There seems to be much talk today in the way of “vigilance, sobriety, alertness.” On every side sounds some call towards activism. We are coming to the breaking of the epoch, it seems, and all around are horns sounding, calling us to action. Activism—of some ill-defined, generic and weary kind—has become our corporate steady-state. Uncountable for me are the number of recent sermons, essays, forms of punditry, videos, media posts of various kinds, etc. which begin along the lines of “it is important for us, in this moment, to make sure we…” followed by some call to action. 1 Peter 5:8–9 seems to be the rallying cry for the hour: “Be sober; be on the alert. Your adversary the devil walks around like a roaring lion, looking for someone to devour. Resist him.”

For all our vigilance, however, I worry it is for nothing if we fail in being merry. For all our sobriety, for all our vigilance, for all our “getting real about the hard facts of life,” I fear we tempt even deeper kinds of drunkenness (of the damn-it-all-to-hell-I-cant-take-it-anymore-Im-so-tired-whats-it-all-for-anyways sort) unless we learn our sobriety from the doughty Galilean who turned 160 gallons of water into wine for a small rural village wedding when they had run out. The merry Jesus of John 2 must define what we mean when we talk about sobriety and vigilance or else everything under that heading will tend towards baking bricks in Egypt and resenting the younger brother who has come at last to the end of his prodigality.

I. “Get real!”

It is always under the guise of “being vigilant” that a joyless disheartenment creeps in to subvert the very vigilance we thought would succor. There is no lack of tragic irony here: merriment will always seem like folly and drunkenness to those who want to “get real” about the hard facts of life. One can think of the report that the spies bring to the people of Israel at Kadesh in the desert of Paran, as one such example.

I remember the story in vivid colors from my childhood Sunday school class flannelgraph set: The spies, sent from Moses to reconnoiter the land, have had a merry adventure: “We went into the land to which you sent us, and it does flow with milk and honey! Here is its fruit” (Numbers 13:27). That ethos of rollicking bivouacking espionage is not maintained, however. Almost all the spies realize it is time to sober-up and “get real” about the facts. And that’s a part of the problem.

Notice the disheartened spies say nothing false. All their information is, as a matter of military intelligence, the hard truth: there are giants (Numbers 13:33), the children of Anak, sons of the Nephilim; the cities are large and fortified, the Jebusites and Amorites do live in the hill country, and the descendants of Amalek do dwell in the Negev (13:28–29); the land does in fact devour those who live in it (13:32).1 To any accusation of cowardice or sedition they might rightly protest, “We’re just stating the facts. It’s our job to be watchful and vigilant, and we’re just giving a full report.”

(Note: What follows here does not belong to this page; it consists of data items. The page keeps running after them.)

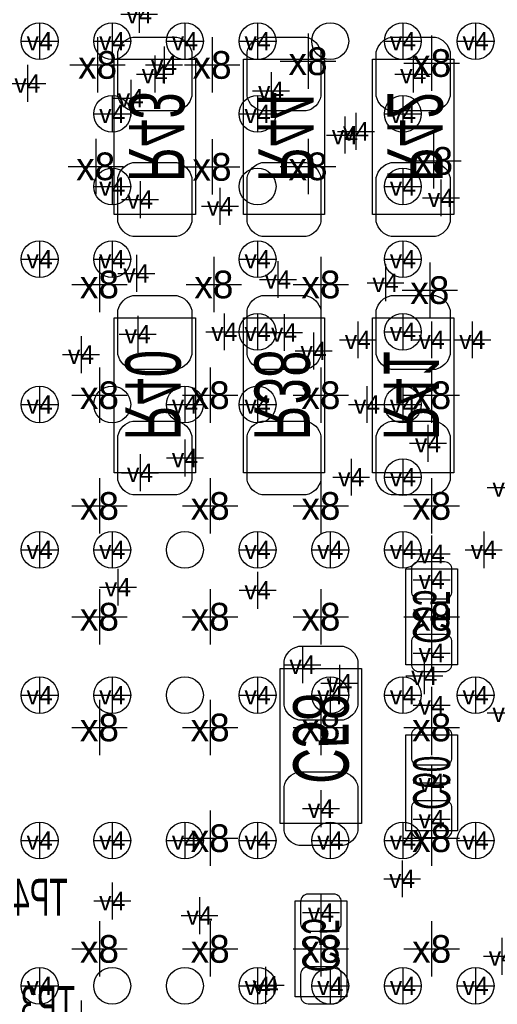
# Model space of a CAD drawing. Extents: x -84 to 336, y -47 to 250.
# Tile 16 of 40: x -22.79 to -19.5, y 17.11 to 23.88. Entities that reach past the tile are written whole.
import ezdxf
from ezdxf.enums import TextEntityAlignment as Align

# ---------------------------------------------------------------- set-up
doc = ezdxf.new("R2010")
doc.units = 0
for name, color, linetype in [('MA_NCLEGEND-1-2', 7, 'CONTINUOUS'), ('MA_NCLEGEND-14-15', 7, 'CONTINUOUS'), ('MA_NCLEGEND-15-16', 7, 'CONTINUOUS'), ('MA_NCLEGEND-2-3', 7, 'CONTINUOUS'), ('MA_NCLEGEND-3-14', 7, 'CONTINUOUS'), ('PG_ASSEMBLY_BOTTOM', 7, 'CONTINUOUS'), ('PIN_BOTTOM', 7, 'CONTINUOUS'), ('PIN_TOP', 7, 'CONTINUOUS'), ('RD_ASSEMBLY_BOTTOM', 7, 'CONTINUOUS')]:
    doc.layers.add(name, color=color, linetype=linetype)

# ---------------------------------------------------------------- blocks, each defined once
blk = doc.blocks.new('FIGURE_CROSS')
for points in [[(0, 0.5), (0, -0.5)], [(-0.5, 0), (0.5, 0)]]:
    blk.add_lwpolyline(points)

msp = doc.modelspace()

# ---------------------------------------------------------------- linework, layer by layer
at = {"layer": 'PG_ASSEMBLY_BOTTOM'}
for points in [[(-22.13864, 22.542754), (-22.13864, 23.609554), (-21.57984, 23.609554), (-21.57984, 22.542754)], [(-21.24964, 22.542754), (-21.24964, 23.609554), (-20.69084, 23.609554), (-20.69084, 22.542754)], [(-20.36064, 22.542754), (-20.36064, 23.609554), (-19.80184, 23.609554), (-19.80184, 22.542754)], [(-21.57984, 21.831554), (-21.57984, 20.764754), (-22.13864, 20.764754), (-22.13864, 21.831554)], [(-20.69084, 21.831554), (-20.69084, 20.764754), (-21.24964, 20.764754), (-21.24964, 21.831554)], [(-19.80184, 21.831554), (-19.80184, 20.764754), (-20.36064, 20.764754), (-20.36064, 21.831554)], [(-20.43684, 19.418554), (-20.43684, 18.351754), (-20.99564, 18.351754), (-20.99564, 19.418554)]]:
    msp.add_lwpolyline(points, close=True, dxfattribs=at)
for points in [[(-19.77644, 20.104354), (-19.77644, 19.443954), (-20.13204, 19.443954), (-20.13204, 20.104354), (-19.77644, 20.104354)], [(-20.13204, 18.300954), (-20.13204, 18.961354), (-19.77644, 18.961354), (-19.77644, 18.300954), (-20.13204, 18.300954)], [(-20.89404, 17.157954), (-20.89404, 17.818354), (-20.53844, 17.818354), (-20.53844, 17.157954), (-20.89404, 17.157954)]]:
    msp.add_lwpolyline(points, dxfattribs=at)
at = {"layer": 'PIN_BOTTOM'}
for points in [[(-22.11324, 23.355554), (-22.11324, 23.660354, -0.294587), (-22.01164, 23.761954), (-21.70684, 23.761954, -0.294587), (-21.60524, 23.660354), (-21.60524, 23.355554, -0.294587), (-21.70684, 23.253954), (-22.01164, 23.253954, -0.294587)], [(-21.22424, 23.355554), (-21.22424, 23.660354, -0.294587), (-21.12264, 23.761954), (-20.81784, 23.761954, -0.294587), (-20.71624, 23.660354), (-20.71624, 23.355554, -0.294587), (-20.81784, 23.253954), (-21.12264, 23.253954, -0.294587)], [(-20.33524, 23.355554), (-20.33524, 23.660354, -0.294587), (-20.23364, 23.761954), (-19.92884, 23.761954, -0.294587), (-19.82724, 23.660354), (-19.82724, 23.355554, -0.294587), (-19.92884, 23.253954), (-20.23364, 23.253954, -0.294587)], [(-22.11324, 22.491954), (-22.11324, 22.796754, -0.294587), (-22.01164, 22.898354), (-21.70684, 22.898354, -0.294587), (-21.60524, 22.796754), (-21.60524, 22.491954, -0.294587), (-21.70684, 22.390354), (-22.01164, 22.390354, -0.294587)], [(-21.22424, 22.491954), (-21.22424, 22.796754, -0.294587), (-21.12264, 22.898354), (-20.81784, 22.898354, -0.294587), (-20.71624, 22.796754), (-20.71624, 22.491954, -0.294587), (-20.81784, 22.390354), (-21.12264, 22.390354, -0.294587)], [(-20.33524, 22.491954), (-20.33524, 22.796754, -0.294587), (-20.23364, 22.898354), (-19.92884, 22.898354, -0.294587), (-19.82724, 22.796754), (-19.82724, 22.491954, -0.294587), (-19.92884, 22.390354), (-20.23364, 22.390354, -0.294587)], [(-21.60524, 21.882354), (-21.60524, 21.577554, -0.294587), (-21.70684, 21.475954), (-22.01164, 21.475954, -0.294587), (-22.11324, 21.577554), (-22.11324, 21.882354, -0.294587), (-22.01164, 21.983954), (-21.70684, 21.983954, -0.294587)], [(-20.71624, 21.882354), (-20.71624, 21.577554, -0.294587), (-20.81784, 21.475954), (-21.12264, 21.475954, -0.294587), (-21.22424, 21.577554), (-21.22424, 21.882354, -0.294587), (-21.12264, 21.983954), (-20.81784, 21.983954, -0.294587)], [(-19.82724, 21.882354), (-19.82724, 21.577554, -0.294587), (-19.92884, 21.475954), (-20.23364, 21.475954, -0.294587), (-20.33524, 21.577554), (-20.33524, 21.882354, -0.294587), (-20.23364, 21.983954), (-19.92884, 21.983954, -0.294587)], [(-21.60524, 21.018754), (-21.60524, 20.713954, -0.294587), (-21.70684, 20.612354), (-22.01164, 20.612354, -0.294587), (-22.11324, 20.713954), (-22.11324, 21.018754, -0.294587), (-22.01164, 21.120354), (-21.70684, 21.120354, -0.294587)], [(-20.71624, 21.018754), (-20.71624, 20.713954, -0.294587), (-20.81784, 20.612354), (-21.12264, 20.612354, -0.294587), (-21.22424, 20.713954), (-21.22424, 21.018754, -0.294587), (-21.12264, 21.120354), (-20.81784, 21.120354, -0.294587)], [(-19.82724, 21.018754), (-19.82724, 20.713954, -0.294587), (-19.92884, 20.612354), (-20.23364, 20.612354, -0.294587), (-20.33524, 20.713954), (-20.33524, 21.018754, -0.294587), (-20.23364, 21.120354), (-19.92884, 21.120354, -0.294587)], [(-20.04314, 20.15109, 0.414214), (-20.09394, 20.10029), (-20.09394, 19.94789, 0.414214), (-20.04314, 19.89709), (-19.86534, 19.89709, 0.414214), (-19.81454, 19.94789), (-19.81454, 20.10029, 0.414214), (-19.86534, 20.15109)], [(-20.04314, 19.651218, 0.414214), (-20.09394, 19.600418), (-20.09394, 19.448018, 0.414214), (-20.04314, 19.397218), (-19.86534, 19.397218, 0.414214), (-19.81454, 19.448018), (-19.81454, 19.600418, 0.414214), (-19.86534, 19.651218)], [(-20.46224, 19.469354), (-20.46224, 19.164554, -0.294587), (-20.56384, 19.062954), (-20.86864, 19.062954, -0.294587), (-20.97024, 19.164554), (-20.97024, 19.469354, -0.294587), (-20.86864, 19.570954), (-20.56384, 19.570954, -0.294587)], [(-19.86534, 18.75409, 0.414214), (-19.81454, 18.80489), (-19.81454, 18.95729, 0.414214), (-19.86534, 19.00809), (-20.04314, 19.00809, 0.414214), (-20.09394, 18.95729), (-20.09394, 18.80489, 0.414214), (-20.04314, 18.75409)], [(-20.46224, 18.605754), (-20.46224, 18.300954, -0.294587), (-20.56384, 18.199354), (-20.86864, 18.199354, -0.294587), (-20.97024, 18.300954), (-20.97024, 18.605754, -0.294587), (-20.86864, 18.707354), (-20.56384, 18.707354, -0.294587)], [(-19.86534, 18.254218, 0.414214), (-19.81454, 18.305018), (-19.81454, 18.457418, 0.414214), (-19.86534, 18.508218), (-20.04314, 18.508218, 0.414214), (-20.09394, 18.457418), (-20.09394, 18.305018, 0.414214), (-20.04314, 18.254218)], [(-20.62734, 17.61109, 0.414214), (-20.57654, 17.66189), (-20.57654, 17.81429, 0.414214), (-20.62734, 17.86509), (-20.80514, 17.86509, 0.414214), (-20.85594, 17.81429), (-20.85594, 17.66189, 0.414214), (-20.80514, 17.61109)], [(-20.62734, 17.111218, 0.414214), (-20.57654, 17.162018), (-20.57654, 17.314418, 0.414214), (-20.62734, 17.365218), (-20.80514, 17.365218, 0.414214), (-20.85594, 17.314418), (-20.85594, 17.162018, 0.414214), (-20.80514, 17.111218)]]:
    msp.add_lwpolyline(points, format="xyb", close=True, dxfattribs=at)
at = {"layer": 'PIN_TOP'}
for centre in [(-22.652228, 23.734268), (-22.152356, 23.734268), (-21.65223, 23.734268), (-21.152358, 23.734268), (-20.652232, 23.734268), (-20.15236, 23.734268), (-19.652234, 23.734268), (-22.152356, 23.234142), (-21.152358, 23.234142), (-20.15236, 23.234142), (-22.152356, 22.73427), (-21.152358, 22.73427), (-20.15236, 22.73427), (-22.652228, 22.234144), (-22.152356, 22.234144), (-21.152358, 22.234144), (-20.15236, 22.234144), (-21.152358, 21.734272), (-20.15236, 21.734272), (-22.652228, 21.234146), (-22.152356, 21.234146), (-21.65223, 21.234146), (-21.152358, 21.234146), (-20.15236, 21.234146), (-20.15236, 20.734274), (-22.652228, 20.234148), (-22.152356, 20.234148), (-21.65223, 20.234148), (-21.152358, 20.234148), (-20.652232, 20.234148), (-20.15236, 20.234148), (-22.652228, 19.23415), (-22.152356, 19.23415), (-21.65223, 19.23415), (-21.152358, 19.23415), (-20.652232, 19.23415), (-20.15236, 19.23415), (-19.652234, 19.23415), (-22.652228, 18.234152), (-22.152356, 18.234152), (-21.65223, 18.234152), (-21.152358, 18.234152), (-20.652232, 18.234152), (-20.15236, 18.234152), (-19.652234, 18.234152), (-22.652228, 17.234154), (-22.152356, 17.234154), (-21.65223, 17.234154), (-21.152358, 17.234154), (-20.652232, 17.234154), (-20.15236, 17.234154), (-19.652234, 17.234154)]:
    msp.add_circle(centre, 0.127, dxfattribs=at)

# ---------------------------------------------------------------- block references
at = {"layer": 'MA_NCLEGEND-1-2', "xscale": 0.254, "yscale": 0.254}
for p in [(-22.652228, 23.734268), (-22.152356, 23.734268), (-21.65223, 23.734268), (-21.152358, 23.734268), (-20.15236, 23.734268), (-19.652234, 23.734268), (-22.152356, 23.234142), (-21.152358, 23.234142), (-20.15236, 23.234142), (-22.152356, 22.73427), (-20.15236, 22.73427), (-21.41093, 22.598126), (-22.652228, 22.234144), (-22.152356, 22.234144), (-21.152358, 22.234144), (-20.15236, 22.234144), (-21.152358, 21.734272), (-20.15236, 21.734272), (-22.652228, 21.234146), (-21.65223, 21.234146), (-21.152358, 21.234146), (-20.15236, 21.234146), (-20.15236, 20.734274), (-22.652228, 20.234148), (-22.152356, 20.234148), (-21.152358, 20.234148), (-20.652232, 20.234148), (-20.15236, 20.234148), (-22.652228, 19.23415), (-22.152356, 19.23415), (-21.152358, 19.23415), (-20.652232, 19.23415), (-20.15236, 19.23415), (-19.652234, 19.23415), (-22.652228, 18.234152), (-22.152356, 18.234152), (-21.65223, 18.234152), (-21.152358, 18.234152), (-20.652232, 18.234152), (-20.15236, 18.234152), (-19.652234, 18.234152), (-22.652228, 17.234154), (-21.152358, 17.234154), (-20.652232, 17.234154), (-20.15236, 17.234154), (-19.652234, 17.234154)]:
    msp.add_blockref('FIGURE_CROSS', p, dxfattribs=at)
at = {"layer": 'MA_NCLEGEND-14-15', "xscale": 0.254, "yscale": 0.254}
for p in [(-21.05914, 23.392892), (-22.02434, 23.342092), (-20.55114, 23.088092), (-21.976842, 21.717762), (-19.67484, 21.679154), (-20.76704, 21.602954), (-19.97964, 20.967954), (-21.96084, 20.764754), (-19.95424, 20.205954), (-20.84324, 19.443954), (-20.58924, 19.316954), (-19.95424, 18.631154), (-20.71624, 17.73809), (-21.09724, 17.238218)]:
    msp.add_blockref('FIGURE_CROSS', p, dxfattribs=at)
at = {"layer": 'MA_NCLEGEND-15-16', "xscale": 0.254, "yscale": 0.254}
for p in [(-21.85924, 23.507954), (-20.08124, 23.507954), (-21.05914, 23.392892), (-20.55114, 23.088092), (-21.976842, 21.717762), (-20.97024, 21.729954), (-19.95424, 21.679154), (-19.97964, 20.967954), (-21.96084, 20.764754), (-19.95424, 20.028154), (-19.95424, 19.524218), (-20.84324, 19.443954), (-20.58924, 19.316954), (-19.95424, 19.164554), (-20.71624, 18.453354), (-19.95424, 18.381218), (-20.71624, 17.73809), (-21.09724, 17.238218)]:
    msp.add_blockref('FIGURE_CROSS', p, dxfattribs=at)
at = {"layer": 'MA_NCLEGEND-2-3', "xscale": 0.254, "yscale": 0.254}
for p in [(-21.966936, 23.919688), (-20.15236, 23.734268), (-21.79574, 23.570692), (-22.73554, 23.443692), (-21.152358, 23.234142), (-20.47494, 23.113492), (-21.96084, 22.644354), (-19.89074, 22.656292), (-21.41093, 22.598126), (-21.98624, 22.136354), (-21.012404, 22.09419), (-20.27174, 22.072092), (-21.380958, 21.734272), (-20.46224, 21.679154), (-22.36724, 21.577554), (-20.399248, 21.234146), (-21.65223, 20.866354), (-20.50796, 20.734274), (-19.44624, 20.663154), (-20.652232, 20.234148), (-20.15236, 20.234148), (-19.595846, 20.234148), (-22.11324, 19.977354), (-21.152358, 19.956272), (-20.00504, 19.367754), (-22.152356, 19.23415), (-21.152358, 19.23415), (-19.44624, 19.113754), (-21.152358, 18.234152), (-20.15744, 17.970754), (-22.152356, 17.818354), (-21.551646, 17.717516), (-19.47164, 17.437354), (-20.652232, 17.234154), (-20.15236, 17.234154), (-22.36724, 17.005554)]:
    msp.add_blockref('FIGURE_CROSS', p, dxfattribs=at)
at = {"layer": 'MA_NCLEGEND-3-14', "xscale": 0.381, "yscale": 0.381}
for p in [(-20.80514, 23.596092), (-22.25294, 23.570692), (-21.46554, 23.570692), (-19.95424, 23.5839), (-22.26564, 22.872954), (-21.46554, 22.869398), (-20.80514, 22.872954), (-19.94154, 22.910292), (-22.24024, 22.060154), (-21.45284, 22.060154), (-20.71624, 22.060154), (-19.96694, 22.021292), (-22.24024, 21.298154), (-21.47824, 21.298154), (-20.71624, 21.298154), (-19.95424, 21.298154), (-22.24024, 20.536154), (-21.47824, 20.536154), (-20.71624, 20.536154), (-19.95424, 20.536154), (-22.24024, 19.774154), (-21.47824, 19.774154), (-20.71624, 19.774154), (-19.95424, 19.774154), (-22.24024, 19.012154), (-21.47824, 19.012154), (-20.71624, 19.012154), (-19.95424, 19.012154), (-21.47824, 18.250154), (-19.95424, 18.250154), (-22.24024, 17.488154), (-21.47824, 17.488154), (-20.71624, 17.488154), (-19.95424, 17.488154)]:
    msp.add_blockref('FIGURE_CROSS', p, dxfattribs=at)

# ---------------------------------------------------------------- texts
at = {"layer": 'MA_NCLEGEND-1-2'}
for p in [(-22.652228, 23.734268), (-22.152356, 23.734268), (-21.65223, 23.734268), (-21.152358, 23.734268), (-20.15236, 23.734268), (-19.652234, 23.734268), (-22.152356, 23.234142), (-21.152358, 23.234142), (-20.15236, 23.234142), (-22.152356, 22.73427), (-20.15236, 22.73427), (-21.41093, 22.598126), (-22.652228, 22.234144), (-22.152356, 22.234144), (-21.152358, 22.234144), (-20.15236, 22.234144), (-21.152358, 21.734272), (-20.15236, 21.734272), (-22.652228, 21.234146), (-21.65223, 21.234146), (-21.152358, 21.234146), (-20.15236, 21.234146), (-20.15236, 20.734274), (-22.652228, 20.234148), (-22.152356, 20.234148), (-21.152358, 20.234148), (-20.652232, 20.234148), (-20.15236, 20.234148), (-22.652228, 19.23415), (-22.152356, 19.23415), (-21.152358, 19.23415), (-20.652232, 19.23415), (-20.15236, 19.23415), (-19.652234, 19.23415), (-22.652228, 18.234152), (-22.152356, 18.234152), (-21.65223, 18.234152), (-21.152358, 18.234152), (-20.652232, 18.234152), (-20.15236, 18.234152), (-19.652234, 18.234152), (-22.652228, 17.234154), (-21.152358, 17.234154), (-20.652232, 17.234154), (-20.15236, 17.234154), (-19.652234, 17.234154)]:
    msp.add_text('v4', height=0.127, dxfattribs=at).set_placement(p, align=Align.MIDDLE_CENTER)
at = {"layer": 'MA_NCLEGEND-14-15'}
for p in [(-21.05914, 23.392892), (-22.02434, 23.342092), (-20.55114, 23.088092), (-21.976842, 21.717762), (-19.67484, 21.679154), (-20.76704, 21.602954), (-19.97964, 20.967954), (-21.96084, 20.764754), (-19.95424, 20.205954), (-20.84324, 19.443954), (-20.58924, 19.316954), (-19.95424, 18.631154), (-20.71624, 17.73809), (-21.09724, 17.238218)]:
    msp.add_text('v4', height=0.127, dxfattribs=at).set_placement(p, align=Align.MIDDLE_CENTER)
at = {"layer": 'MA_NCLEGEND-15-16'}
for p in [(-21.85924, 23.507954), (-20.08124, 23.507954), (-21.05914, 23.392892), (-20.55114, 23.088092), (-21.976842, 21.717762), (-20.97024, 21.729954), (-19.95424, 21.679154), (-19.97964, 20.967954), (-21.96084, 20.764754), (-19.95424, 20.028154), (-19.95424, 19.524218), (-20.84324, 19.443954), (-20.58924, 19.316954), (-19.95424, 19.164554), (-20.71624, 18.453354), (-19.95424, 18.381218), (-20.71624, 17.73809), (-21.09724, 17.238218)]:
    msp.add_text('v4', height=0.127, dxfattribs=at).set_placement(p, align=Align.MIDDLE_CENTER)
at = {"layer": 'MA_NCLEGEND-2-3'}
for p in [(-21.966936, 23.919688), (-20.15236, 23.734268), (-21.79574, 23.570692), (-22.73554, 23.443692), (-21.152358, 23.234142), (-20.47494, 23.113492), (-21.96084, 22.644354), (-19.89074, 22.656292), (-21.41093, 22.598126), (-21.98624, 22.136354), (-21.012404, 22.09419), (-20.27174, 22.072092), (-21.380958, 21.734272), (-20.46224, 21.679154), (-22.36724, 21.577554), (-20.399248, 21.234146), (-21.65223, 20.866354), (-20.50796, 20.734274), (-19.44624, 20.663154), (-20.652232, 20.234148), (-20.15236, 20.234148), (-19.595846, 20.234148), (-22.11324, 19.977354), (-21.152358, 19.956272), (-20.00504, 19.367754), (-22.152356, 19.23415), (-21.152358, 19.23415), (-19.44624, 19.113754), (-21.152358, 18.234152), (-20.15744, 17.970754), (-22.152356, 17.818354), (-21.551646, 17.717516), (-19.47164, 17.437354), (-20.652232, 17.234154), (-20.15236, 17.234154)]:
    msp.add_text('v4', height=0.127, dxfattribs=at).set_placement(p, align=Align.MIDDLE_CENTER)
at = {"layer": 'MA_NCLEGEND-3-14'}
for p in [(-22.25294, 23.570692), (-21.46554, 23.570692), (-20.80514, 23.596092), (-19.95424, 23.5839), (-22.26564, 22.872954), (-21.46554, 22.869398), (-20.80514, 22.872954), (-19.94154, 22.910292), (-22.24024, 22.060154), (-21.45284, 22.060154), (-20.71624, 22.060154), (-19.96694, 22.021292), (-22.24024, 21.298154), (-21.47824, 21.298154), (-20.71624, 21.298154), (-19.95424, 21.298154), (-22.24024, 20.536154), (-21.47824, 20.536154), (-20.71624, 20.536154), (-19.95424, 20.536154), (-22.24024, 19.774154), (-21.47824, 19.774154), (-20.71624, 19.774154), (-19.95424, 19.774154), (-22.24024, 19.012154), (-21.47824, 19.012154), (-20.71624, 19.012154), (-19.95424, 19.012154), (-21.47824, 18.250154), (-19.95424, 18.250154), (-22.24024, 17.488154), (-21.47824, 17.488154), (-20.71624, 17.488154), (-19.95424, 17.488154)]:
    msp.add_text('x8', height=0.1905, dxfattribs=at).set_placement(p, align=Align.MIDDLE_CENTER)
at = {"layer": 'RD_ASSEMBLY_BOTTOM', "text_generation_flag": 2}
for s, height, width, p in [('R43', 0.381, 0.666667, (-22.03704, 23.076154)), ('R44', 0.381, 0.666667, (-21.14804, 23.076154)), ('R42', 0.381, 0.666667, (-20.25904, 23.076154)), ('R40', 0.381, 0.666667, (-22.06244, 21.298154)), ('R38', 0.381, 0.666667, (-21.17344, 21.298154)), ('R41', 0.381, 0.666667, (-20.28444, 21.298154)), ('C55', 0.254, 0.6, (-20.08124, 19.774154)), ('C58', 0.381, 0.666667, (-20.90674, 18.935954)), ('C60', 0.254, 0.6, (-20.08124, 18.631154)), ('C35', 0.254, 0.6, (-20.84324, 17.513554))]:
    msp.add_text(s, height=height, rotation=270, dxfattribs=dict(at, width=width)).set_placement(p, align=Align.CENTER)
at = {"layer": 'RD_ASSEMBLY_BOTTOM', "text_generation_flag": 2, "width": 0.6}
for s, p in [('TP4', (-22.64664, 17.716754)), ('TP3', (-22.59584, 16.980154))]:
    msp.add_text(s, height=0.254, dxfattribs=at).set_placement(p, align=Align.CENTER)

doc.saveas('drawing.dxf')

There is a similar grimness to the assessment Denethor gives of Gondor’s situation after his son Faramir returns from combat on the brink of death:

There is no news of the Rohirrim […] Rohan will not come now. Or if they come, it will not avail us. The new host that we had tidings of has come first, from over the river by way of Andros, it is said. They are strong: battalions of Orcs of the Eye, and countless companies of men of a new sort that we have not met before. Not tall, but broad and grim, bearded like dwarves wielding great axes. Out of some savage land in the wide East they come, we deem. They hold the northward road; and many have passed on into Anorien. The Rohirrim cannot come.2

Like the disheartened spies, Denethor is also, on one level, just rehearsing the facts as he has gathered them from his vigilant surveillance of Mordor by way of the seeing stone. To him all of Gandalf’s hopefulness seems like folly:

For thy hope is but ignorance. Go then and labour [sic] in healing! Go forth and fight! Vanity. For a little space you may triumph on the field, for a day. But against the Power that now arises there is no victory.3

So also, in the camp of Israel, what Caleb says seems like anything but clear-eyed sobriety to the other spies: “We should go up and take possession of the land, for we can certainly do it” (Numbers 13:30).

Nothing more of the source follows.